* * *
Генерал-прокурор Глебов обратился к Елисавете Воронцовой, вышедшей в спальном платье в галерею:
— Столь чрезмерным экзерцированием несмотря ни на какую погоду государь отяготил и огорчил всю гвардию.
— Слыхала про это.
У толстой фрейлины лицо походило на живот.
— От вашей ли проницательности, Елисавета Романовна, сему укрыться! Но я, упаси Бог, не ради протестации, а лишь из ревнительной преданности к государю.
— А его величество на то говорит, — потянулась Воронцова жирными плечами, — что, может, и с королем датским им драться доведется не каждый раз при солнышке.
— Это так, — сказал Глебов, — но гвардия, Елисавета Романовна, не столько для войны себя понимает, сколько для славы государей перед лицом Европы.
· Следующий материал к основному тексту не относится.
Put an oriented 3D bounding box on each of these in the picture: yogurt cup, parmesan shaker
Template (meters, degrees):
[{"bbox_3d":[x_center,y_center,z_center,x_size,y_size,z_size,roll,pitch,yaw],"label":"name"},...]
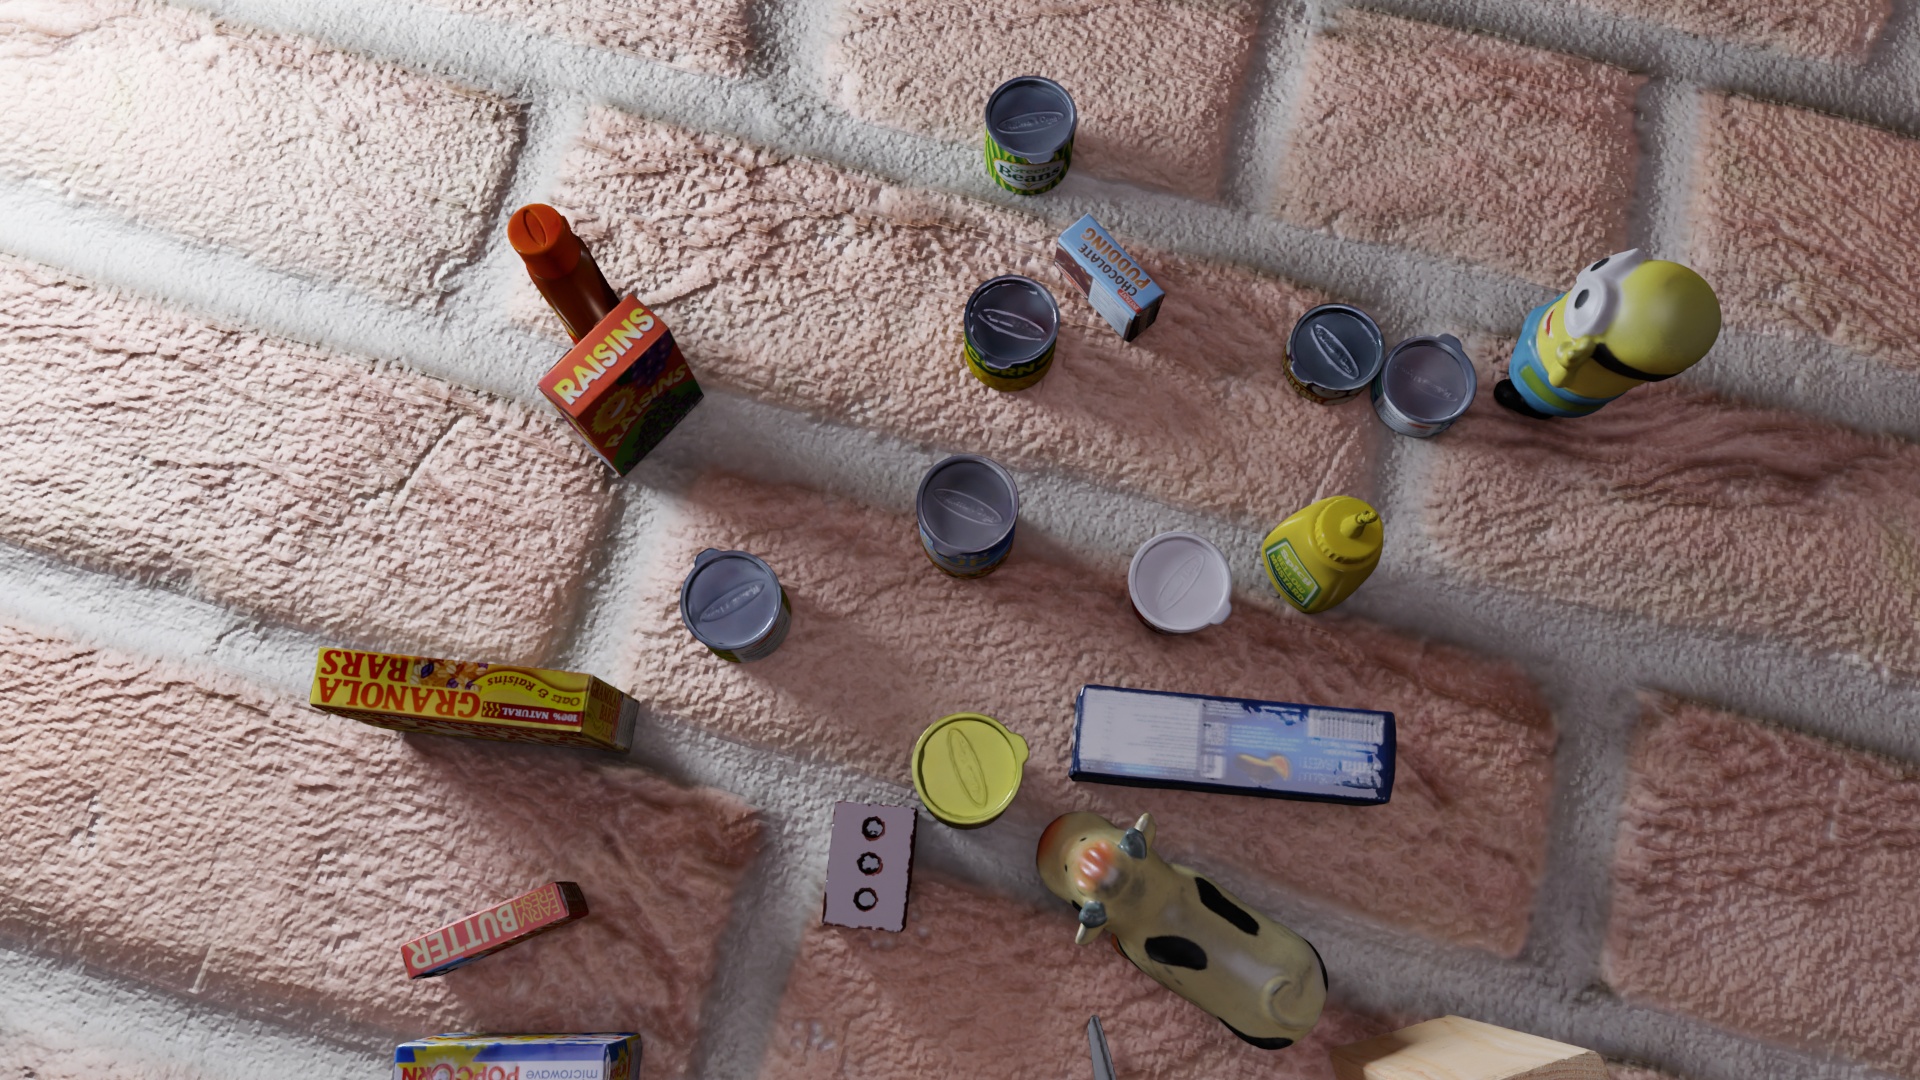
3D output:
[{"bbox_3d":[0.144,0.033,0.930,0.072,0.054,0.072,0,75,0],"label":"yogurt cup"},{"bbox_3d":[0.007,0.147,0.874,0.071,0.103,0.071,0,75,0],"label":"parmesan shaker"}]

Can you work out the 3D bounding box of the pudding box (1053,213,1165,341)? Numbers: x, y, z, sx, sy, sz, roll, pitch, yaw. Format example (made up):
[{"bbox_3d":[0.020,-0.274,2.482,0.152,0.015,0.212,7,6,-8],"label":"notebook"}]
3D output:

— А государь понимает ее по-другому, — и, почесываясь, добавила: — В распущенном войске государь хочет ввести строжайшую дисциплину… Ах, да я в спальном туалете!
— Он, сударыня, делает вас прелестной нимфой.
Рябая, зардевшись, побежала по галерее, виляя толстым задом.
Тем и окончился утренний разговор генерал-прокурора Глебова с российской госпожой Помпадур.
* * *
Ветер свистел. Прогнившее низкое небо разваливалось мокрыми хлопьями.
Император махал испанской тростью.
— Разговоров не иметь! Конфузных поступков не иметь! Со всей тихостью, сукины дети, для завождения в баталион-каре!
Гвардейцы с свирепостью в глазах, с нависшими бровями, сжав челюсти, месили грязь.
Ветер трепал знамя над головой Петра.
На знамени был изображен черный двуглавый российский орел с распущенными крыльями; птица сидела на утесе, держа в правом клюве белую хартию с надписью: «Никого не устрашусь!»
— На елевацию бросать шпаги, — повелительно взлетела испанская трость, — дабы конфузить, черт побери, нападающих!
А когда изнеженные, не привыкшие к экзерцициям гвардейцы падали от изнеможения, из-под знамёни раздавался сердитый визг:
— Бабу убрать, а на то место поставить солдата.
С прогнившего неба стекало что-то похожее на холодный липкий гной.
Ветер свистел.
В Петербурге праздновали заключение «вечного мира» с Пруссией. По окончании стола Петр, пошатываясь, направился во вторую аванзалу, чтобы оттуда смотреть фейерверк.
Господа иностранные министры и вся русская нация, как называла, помнится, Екатерина толпу придворных, сопровождали императора, прославленного стихотворцами.
В бесчисленных одах рядом с Великим Дедом был поставлен и Великий Внук, который «с самого восшествия своего на престол не пропускал ни единого дня без излияния новых милостей или не подавал существительных опытов отеческого своего о пользе подданных попечения и глубокого в государственные дела проницания».